BTw, I'm reading a book about Elizabeth Stuart and her daughters, "Daughters of the Winter Queen", and what do you know, as a young guy, the Great Elector romanced Sophie's older sister Louisa! (The one who was a gifted painter, and ended up a Catholic abbess at Maubisson much to her mother's horror. Sophie and little Sophie Charlotte visited her en route to Versailles.) Alas his parent had an eye on money, of which the Winter Stuarts didn't have much. So no young Elector/Louisa match.
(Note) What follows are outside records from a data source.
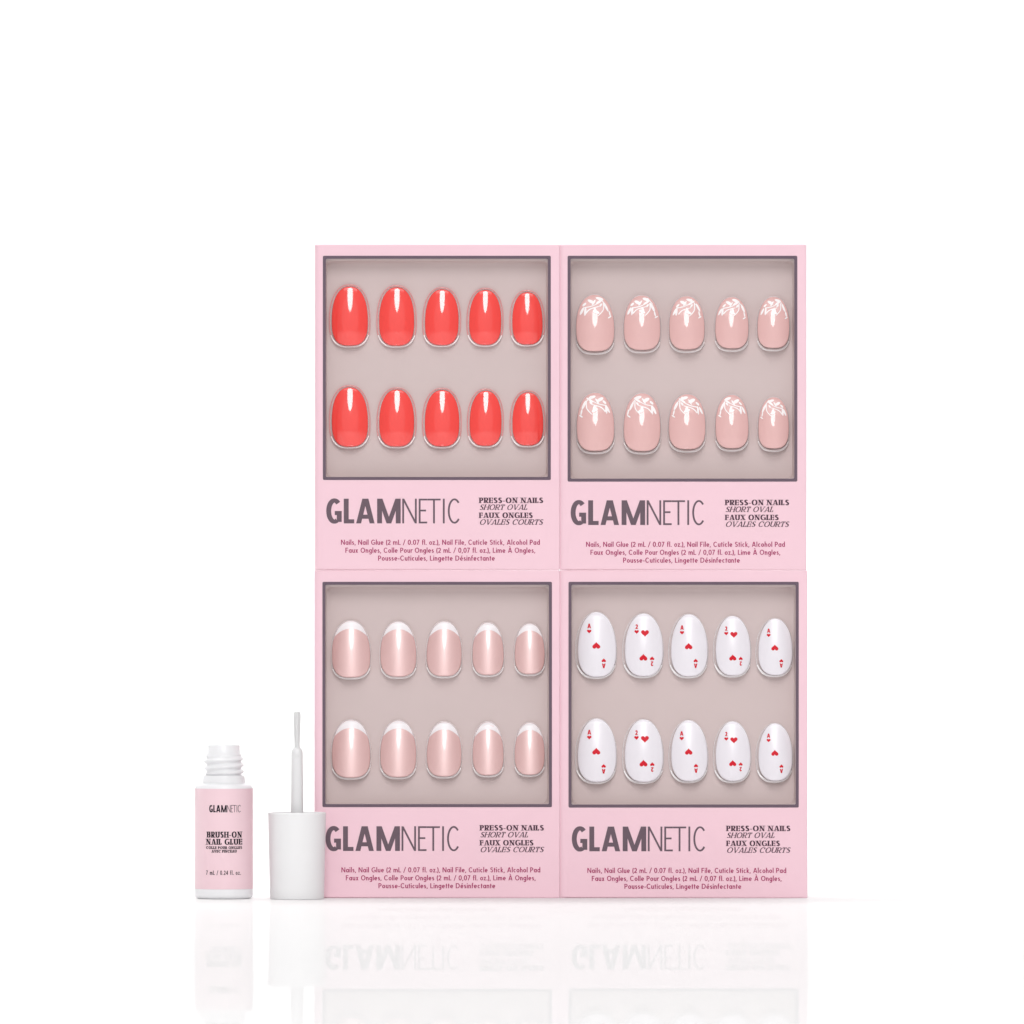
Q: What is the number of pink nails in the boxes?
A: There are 20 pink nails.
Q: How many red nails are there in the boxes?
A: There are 10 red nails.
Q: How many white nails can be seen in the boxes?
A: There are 10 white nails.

Re: Pöllnitz: Secret Keeper?

Date: 2021-07-26 07:36 pm (UTC)
mildred_of_midgard: (Default)
From: [personal profile] mildred_of_midgard
Yes, A+ detecting, Holmes! And thank you for the translation, haha, because I was going to ask you for one. I gave it my best shot, and at the end, I was like, "Help." Now that I have the translation, I see what everything is, but on my own I was having to translate into modern German and thence into English, and I was getting about half of it.

Anyone who wants to read a Great Elector and/or F1 bio has my vote!

Re: Pöllnitz: Secret Keeper?

Date: 2021-07-26 11:02 pm (UTC)
mildred_of_midgard: (Default)
From: [personal profile] mildred_of_midgard
F1's stepmom has no excuse!

ROFL!

Btw, Original Sophie tells us how that name came to pass in her snarky memoirs...But by the time No.12 arrived, they had simply run out of names and supposedly did a lottery of sorts with the few ladies in waiting asked to write a name on a bit of paper. Presto, Sophia/Sophie, first of her name in either family (i.e. the Stuarts and the Palatine Wittelsbachs). But not the last by far. :)

Ahhh, cool, I didn't know that. Thank you for sharing!